▶ [What the task asks] Up to and including the line bearing "# THE SOFTWARE", output every line of the entries exactly as written, starting from the first; pictures stay out.

▶ [Supplied entries]
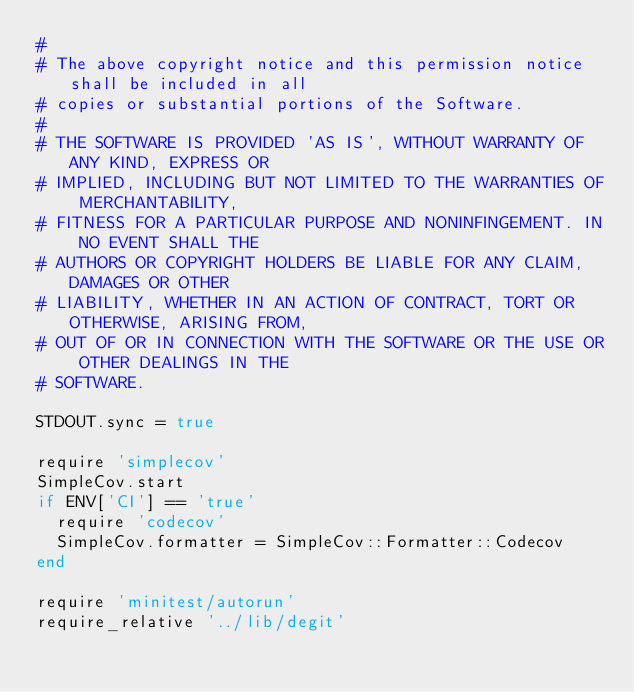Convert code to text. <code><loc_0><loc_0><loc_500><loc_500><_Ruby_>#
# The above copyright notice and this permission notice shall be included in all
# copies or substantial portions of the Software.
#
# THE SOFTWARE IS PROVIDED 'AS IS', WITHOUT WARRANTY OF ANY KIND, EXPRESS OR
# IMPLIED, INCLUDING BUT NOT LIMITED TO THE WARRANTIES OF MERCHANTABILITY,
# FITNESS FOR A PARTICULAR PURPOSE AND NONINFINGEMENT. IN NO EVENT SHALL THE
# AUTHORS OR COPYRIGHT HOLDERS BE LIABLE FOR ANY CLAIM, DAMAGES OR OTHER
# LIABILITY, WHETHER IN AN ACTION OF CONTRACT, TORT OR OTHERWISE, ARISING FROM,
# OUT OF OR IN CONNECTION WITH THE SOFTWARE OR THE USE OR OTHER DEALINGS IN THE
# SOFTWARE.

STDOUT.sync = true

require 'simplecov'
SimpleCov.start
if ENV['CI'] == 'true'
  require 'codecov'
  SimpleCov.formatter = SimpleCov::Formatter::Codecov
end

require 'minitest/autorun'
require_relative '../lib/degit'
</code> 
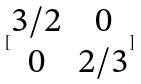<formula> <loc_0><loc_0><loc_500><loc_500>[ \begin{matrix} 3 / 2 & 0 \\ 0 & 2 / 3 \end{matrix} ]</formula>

▶ [Answer space]
Convert code to text. <code><loc_0><loc_0><loc_500><loc_500><_Ruby_>#
# The above copyright notice and this permission notice shall be included in all
# copies or substantial portions of the Software.
#
# THE SOFTWARE IS PROVIDED 'AS IS', WITHOUT WARRANTY OF ANY KIND, EXPRESS OR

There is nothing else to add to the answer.